2020年12月29日星期二

Judge Orders Steve Bannon to Appear for FTC Questioning

Judge Orders Steve Bannon to Appear for FTC Questioning

The judge, noting that the Federal Trade Commission's data-privacy probe began in March 2019, said the agency’s investigative demand for Bannon's testimony was not overly burdensome.


Christopher “Casey” Cooper testifies at his confirmation hearing in 2013. Photo by Diego M. Radzinschi/THE NATIONAL LAW JOURNAL

Steve Bannon must submit to questioning from the Federal Trade Commission as part of the agency’s investigation of Cambridge Analytica, a federal judge ruled Tuesday, rejecting the former Trump adviser’s bid to stave off an interview aimed at determining whether he could be personally liable for allegedly deceptive conduct by the data analytics firm.


Ruling from the bench, U.S. District Judge Christopher Cooper dispensed with Bannon’s argument that any testimony provided to the FTC could impair his opportunity to receive a fair trial in New York, where he was charged in August with defrauding donors to a private fundraising effort purporting to bolster President Donald Trump’s effort to build a wall along the Mexican border.

Cooper said delaying Bannon’s testimony indefinitely, or “even six months under the optimistic assumption that he will be tried in May” in Manhattan federal court, would prevent the FTC from completing its investigation into Cambridge Analytica’s harvesting of tens of millions of Facebook users’ personal information during the 2016 election. The judge, noting that the FTC’s investigation began in March 2019, said the agency’s investigative demand for Bannon’s testimony was not overly burdensome.


“Hopefully, you folks won’t need my help in coming up with a date soon after the holidays to schedule this,” Cooper said, referring to the planned investigational hearing. “I will leave it to you all to do this. If you need my help, you know where to find me.”

At two moments in the half-hour hearing, Cooper appeared to bristle at the absence of Bannon’s lawyer, Quinn Emanuel Urquhart & Sullivan partner William Burck, who withdrew from the former Trump adviser’s criminal defense team in early November after Bannon suggested that Dr. Anthony Fauci and FBI Director Christopher Wray should be beheaded. Bannon has retained Davidoff Hutcher & Citron partner Robert Costello to represent him in the criminal case in New York.

Burck has made no similar effort to withdraw from Bannon’s defense in the FTC case. In early December, weeks after seeking to drop off Bannon’s defense team in Manhattan federal court, he signed a brief arguing that the FTC’s subpoena for his testimony should be quashed.

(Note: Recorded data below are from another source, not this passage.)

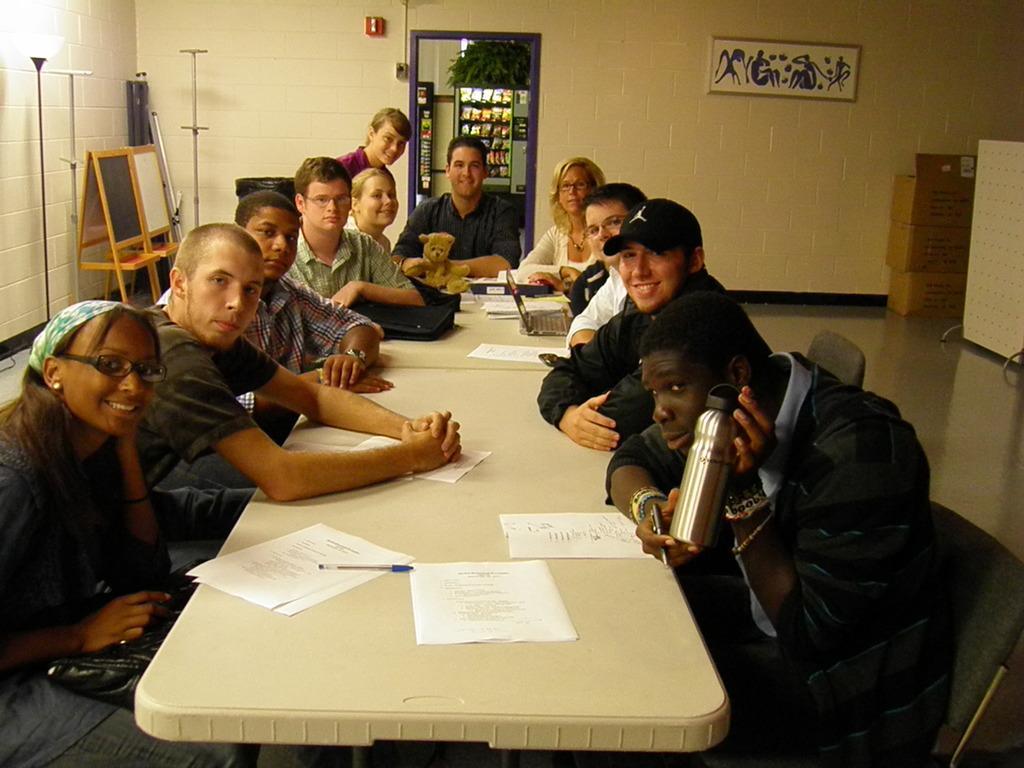Please provide a concise description of this image. In this picture we can see some group of people sitting on the chairs around the table on which there are some papers, doll and laptop and behind them there is a door and a desk and a stands. 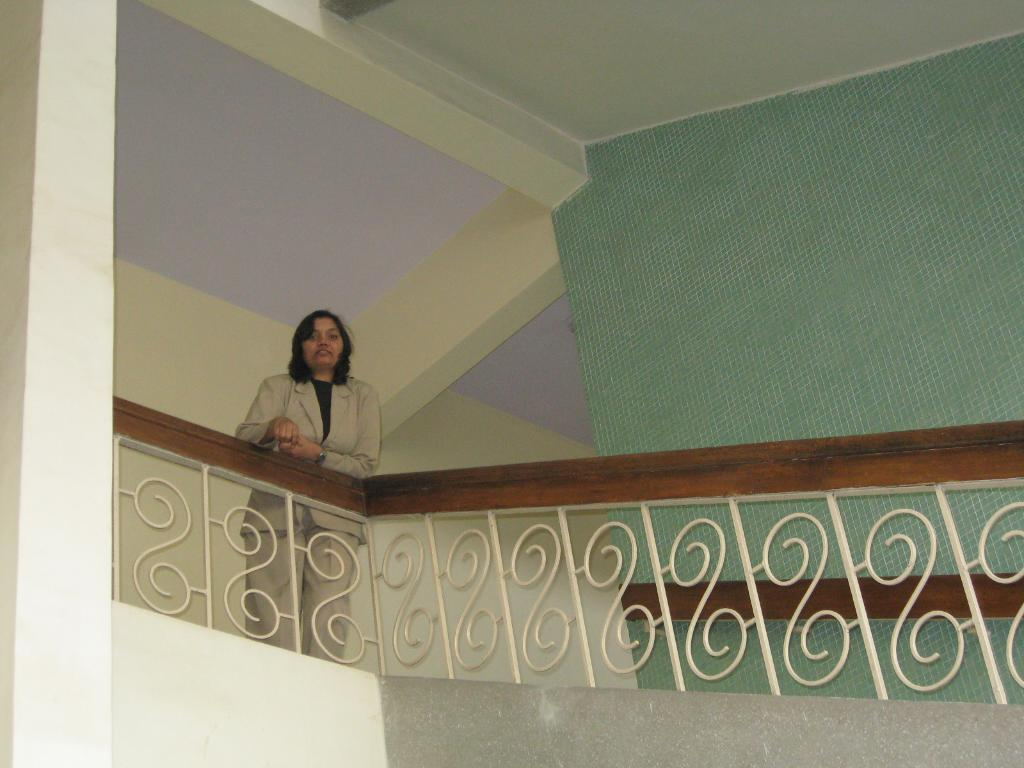What is the main subject of the image? There is a woman standing in the image. What objects can be seen near the woman? There are staircase holders visible in the image. What can be seen in the background of the image? There are walls visible in the background of the image. What type of history can be seen in the image? There is no specific historical event or reference visible in the image. Is there any snow present in the image? There is no snow visible in the image. 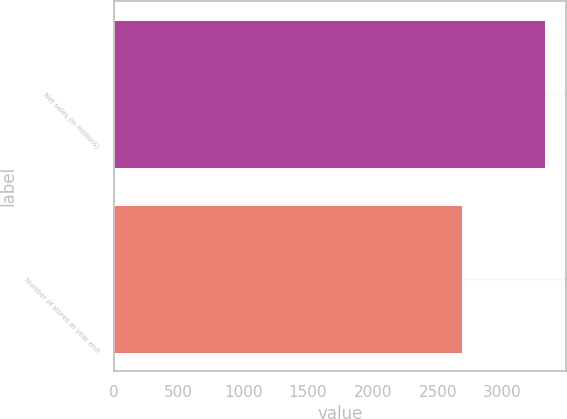<chart> <loc_0><loc_0><loc_500><loc_500><bar_chart><fcel>Net sales (in millions)<fcel>Number of stores at year end<nl><fcel>3326.1<fcel>2687<nl></chart> 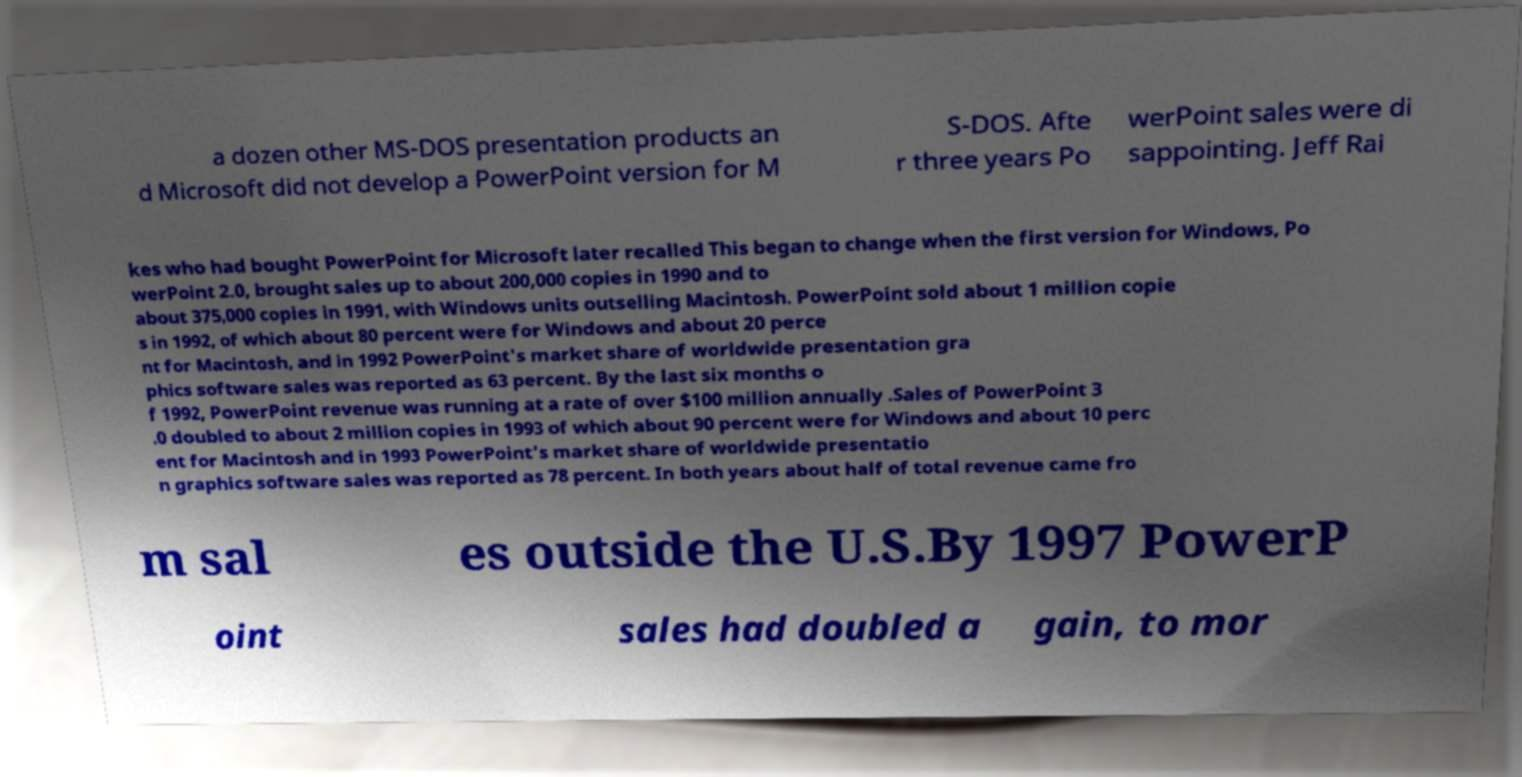Could you extract and type out the text from this image? a dozen other MS-DOS presentation products an d Microsoft did not develop a PowerPoint version for M S-DOS. Afte r three years Po werPoint sales were di sappointing. Jeff Rai kes who had bought PowerPoint for Microsoft later recalled This began to change when the first version for Windows, Po werPoint 2.0, brought sales up to about 200,000 copies in 1990 and to about 375,000 copies in 1991, with Windows units outselling Macintosh. PowerPoint sold about 1 million copie s in 1992, of which about 80 percent were for Windows and about 20 perce nt for Macintosh, and in 1992 PowerPoint's market share of worldwide presentation gra phics software sales was reported as 63 percent. By the last six months o f 1992, PowerPoint revenue was running at a rate of over $100 million annually .Sales of PowerPoint 3 .0 doubled to about 2 million copies in 1993 of which about 90 percent were for Windows and about 10 perc ent for Macintosh and in 1993 PowerPoint's market share of worldwide presentatio n graphics software sales was reported as 78 percent. In both years about half of total revenue came fro m sal es outside the U.S.By 1997 PowerP oint sales had doubled a gain, to mor 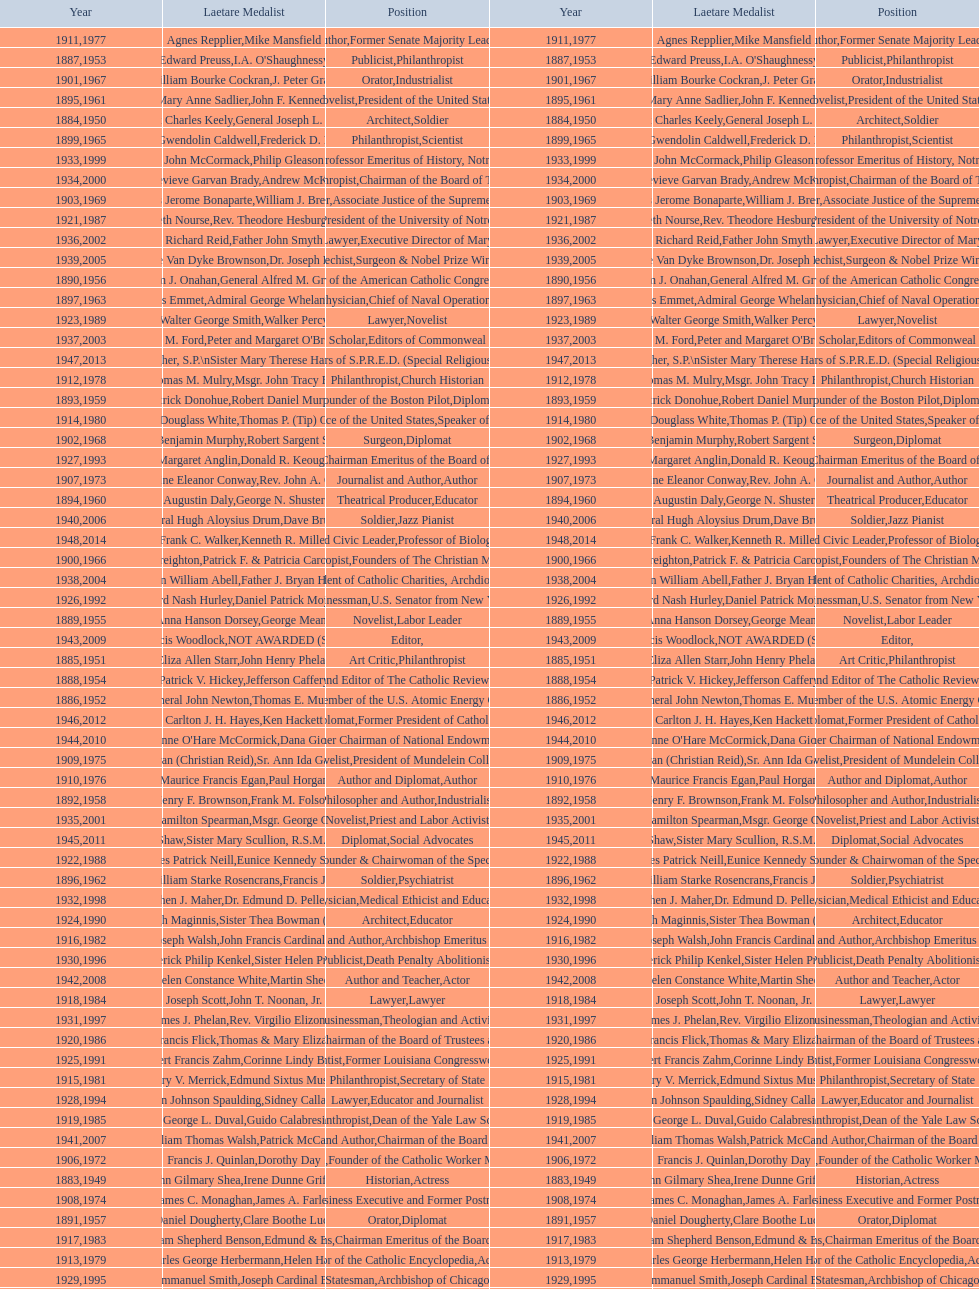What are the total number of times soldier is listed as the position on this chart? 4. 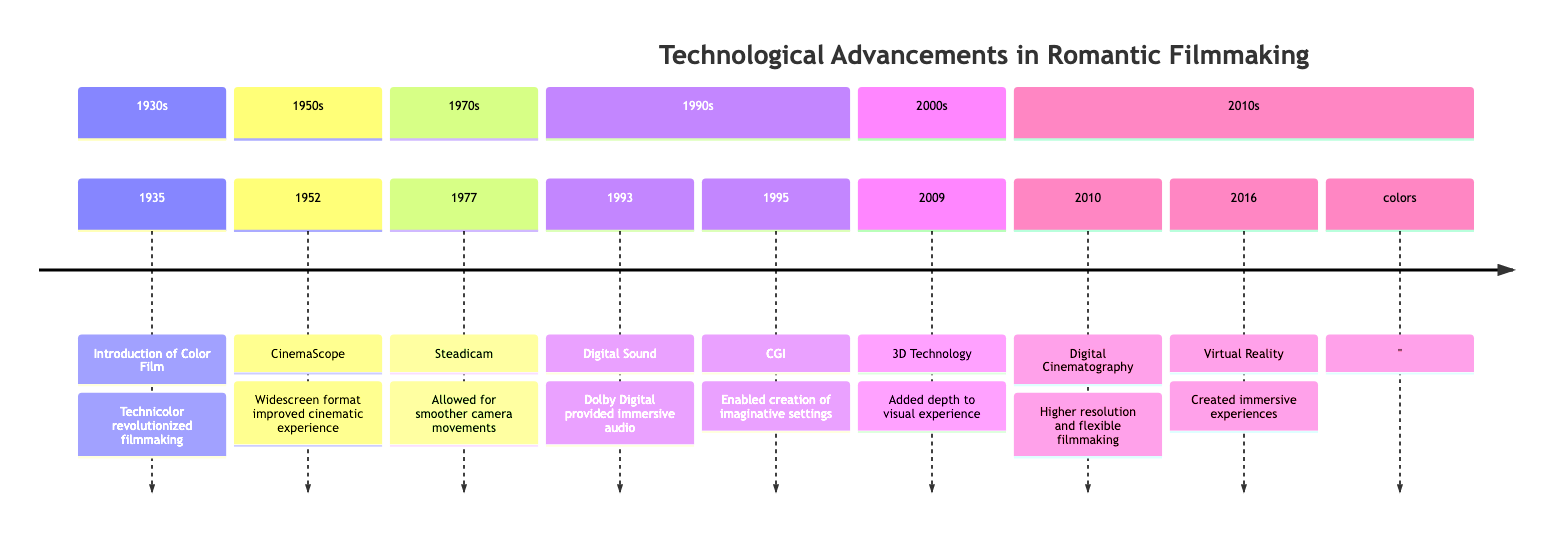What year did the introduction of color film occur? According to the timeline, the introduction of color film is listed under the year 1935.
Answer: 1935 What technology was introduced in 1952? The timeline shows that CinemaScope was introduced in the year 1952.
Answer: CinemaScope How many technological advancements are listed in the timeline? Counting the elements in the timeline, there are a total of eight technological advancements specified.
Answer: 8 What impact did the Steadicam have on filmmaking? The impact of the Steadicam, introduced in 1977, is described as allowing for smoother, more fluid camera movements.
Answer: Smoother camera movements Which technology enhanced romantic soundtracks in films? The timeline indicates that digital sound, introduced in 1993, provided clearer audio, enriching romantic soundtracks.
Answer: Digital Sound What was the major advancement in 2010? The timeline specifies that digital cinematography was the major advancement introduced in 2010.
Answer: Digital Cinematography Which two technologies improved the visual experience of romantic movies in the 2000s? Looking at the timeline, 3D technology introduced in 2009 and digital cinematography in 2010 both improved the visual experience.
Answer: 3D Technology and Digital Cinematography What impact did virtual reality technology have on the audience's experience? The timeline states that VR technology created immersive experiences, making the audience feel part of the romantic scenes.
Answer: Immersive experiences In which decade was computer-generated imagery (CGI) introduced? The timeline indicates that CGI was introduced in 1995, which falls in the 1990s decade.
Answer: 1990s 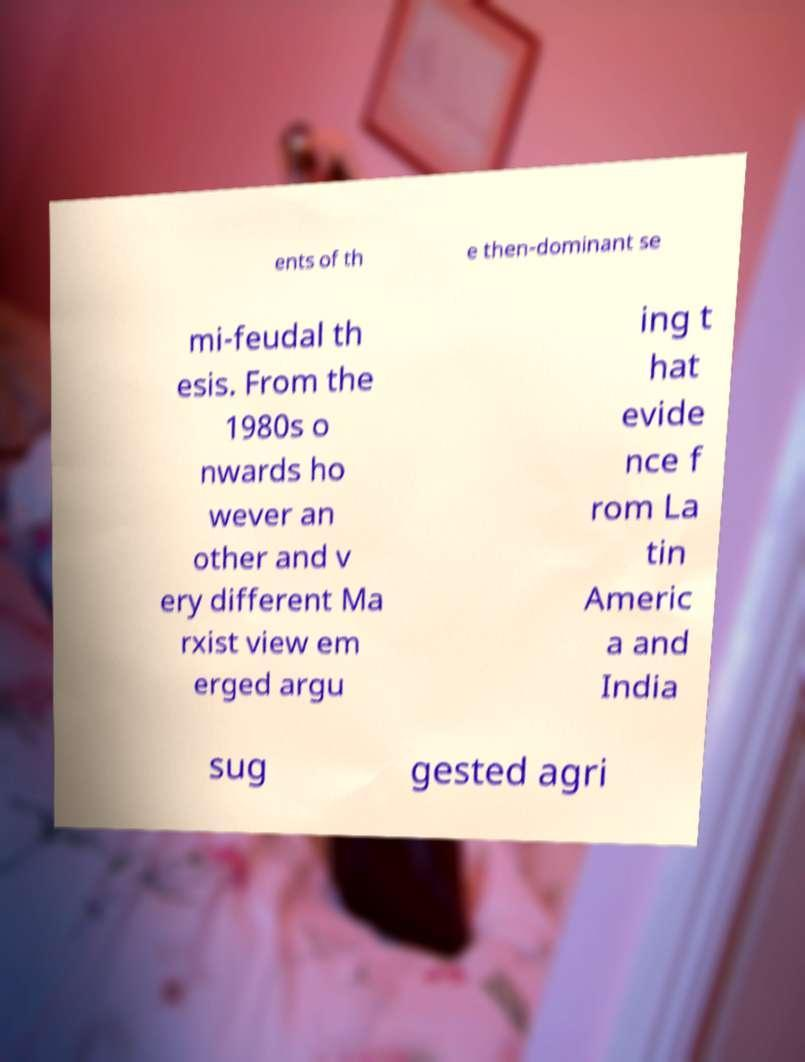Could you assist in decoding the text presented in this image and type it out clearly? ents of th e then-dominant se mi-feudal th esis. From the 1980s o nwards ho wever an other and v ery different Ma rxist view em erged argu ing t hat evide nce f rom La tin Americ a and India sug gested agri 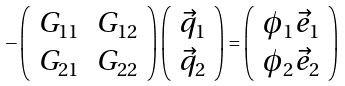Convert formula to latex. <formula><loc_0><loc_0><loc_500><loc_500>- \left ( \begin{array} { c c } G _ { 1 1 } & G _ { 1 2 } \\ G _ { 2 1 } & G _ { 2 2 } \end{array} \right ) \left ( \begin{array} { c } \vec { q } _ { 1 } \\ \vec { q } _ { 2 } \end{array} \right ) = \left ( \begin{array} { c } \phi _ { 1 } \vec { e } _ { 1 } \\ \phi _ { 2 } \vec { e } _ { 2 } \end{array} \right )</formula> 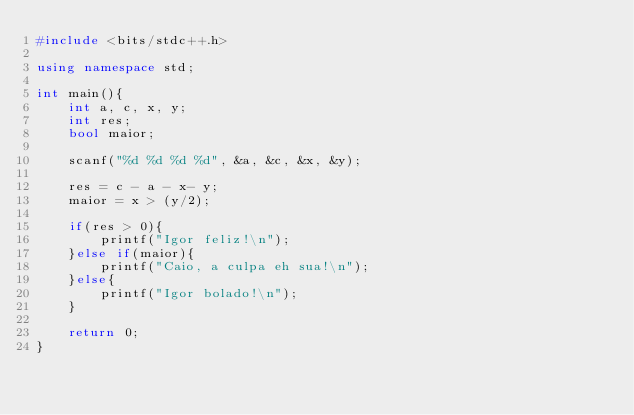<code> <loc_0><loc_0><loc_500><loc_500><_C++_>#include <bits/stdc++.h>

using namespace std;

int main(){
	int a, c, x, y;
	int res;
	bool maior;

	scanf("%d %d %d %d", &a, &c, &x, &y);

	res = c - a - x- y;
	maior = x > (y/2);

	if(res > 0){
		printf("Igor feliz!\n");
	}else if(maior){
		printf("Caio, a culpa eh sua!\n");
	}else{
		printf("Igor bolado!\n");
	}

	return 0;
}</code> 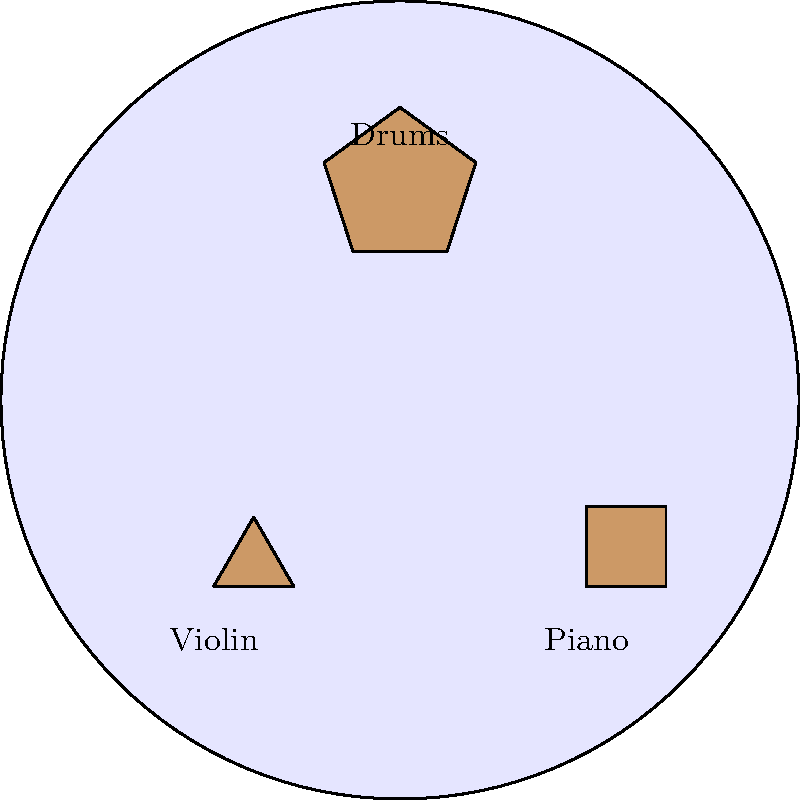In a Dardust-inspired orchestral arrangement, three instruments are represented by geometric shapes: a triangle (violin), a square (piano), and a pentagon (drums). If we apply a rotation of 72° clockwise followed by a reflection across the vertical axis to the entire arrangement, how many of these instruments will be in their original positions? Let's approach this step-by-step:

1) First, let's consider the rotational symmetry of each shape:
   - Triangle: 120° (3-fold rotational symmetry)
   - Square: 90° (4-fold rotational symmetry)
   - Pentagon: 72° (5-fold rotational symmetry)

2) The rotation of 72° clockwise:
   - The triangle and square will move to new positions.
   - The pentagon will remain in the same position due to its 72° rotational symmetry.

3) The reflection across the vertical axis:
   - This will flip the entire arrangement horizontally.
   - The triangle and square will move to new positions again.
   - The pentagon, being symmetric about the vertical axis, will remain in the same position.

4) Combined effect:
   - The triangle and square have moved twice and are not in their original positions.
   - The pentagon, having stayed in place through both transformations, remains in its original position.

5) Therefore, out of the three instruments, only the drums (pentagon) will be in its original position after these transformations.
Answer: 1 (the drums) 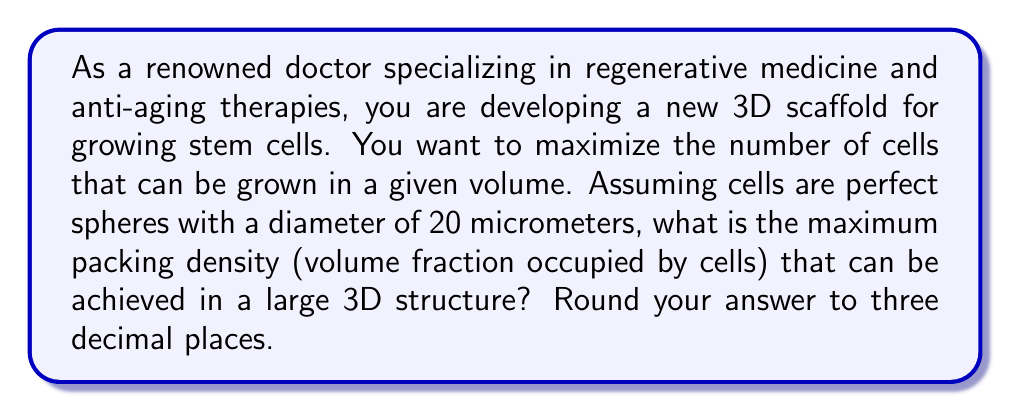Teach me how to tackle this problem. To solve this problem, we need to consider the optimal packing arrangement for spheres in 3D space. The most efficient packing arrangement for spheres is called close-packing, which can be achieved through either face-centered cubic (FCC) or hexagonal close-packed (HCP) structures.

1. In both FCC and HCP arrangements, each sphere is surrounded by 12 other spheres.

2. The packing density for both FCC and HCP is the same and can be calculated as follows:

   $$\text{Packing Density} = \frac{\text{Volume of spheres}}{\text{Total volume}}$$

3. In a unit cell of the close-packed structure, there are effectively 4 complete spheres.

4. The volume of a sphere is given by:
   $$V_{\text{sphere}} = \frac{4}{3}\pi r^3$$
   where $r$ is the radius of the sphere.

5. In the close-packed arrangement, the edge length of the cubic unit cell (a) is related to the sphere diameter (d) by:
   $$a = d\sqrt{2}$$

6. The volume of the cubic unit cell is:
   $$V_{\text{cell}} = a^3 = (d\sqrt{2})^3 = 2\sqrt{2}d^3$$

7. Therefore, the packing density is:
   $$\text{Packing Density} = \frac{4 \cdot \frac{4}{3}\pi (\frac{d}{2})^3}{2\sqrt{2}d^3} = \frac{4 \cdot \frac{4}{3}\pi (\frac{1}{2})^3}{2\sqrt{2}} = \frac{\pi}{3\sqrt{2}} \approx 0.74048$$

8. Rounding to three decimal places, we get 0.740 or 74.0%.

Note that this packing density is independent of the actual size of the spheres, so it applies to our 20-micrometer diameter cells.
Answer: 0.740 or 74.0%

At the outset of Tuesday’s hearing, Cooper said that “for some unstated reason,” Burck was unavailable to argue against the FTC’s petition to compel Bannon’s testimony.


When a Quinn Emanuel associate, Allison McGuire, prepared to begin her arguments for Bannon, Cooper inquired about the absence of the prominent white-collar defense lawyer, whose clients in recent years have included former White House counsel Donald McGahn and New England Patriots owner Robert Kraft.

“Mr. Burck was not able to fit us into his busy schedule this afternoon?” the judge asked.

“Unfortunately, he had a conflict, your honor,” McGuire replied.

Cooper found there was no “substantive overlap” between the FTC’s investigation and Bannon’s criminal case, in which he is accused of using funds raised for an initiative called We Build the Wall for personal expenditures. The judge noted that Bannon could assert his Fifth Amendment right to avoid self-incrimination.

“As Mr. Burck surely knows, requiring a deponent to assert [the Fifth] on a question-by-question basis is a common practice in government investigations,” Cooper said.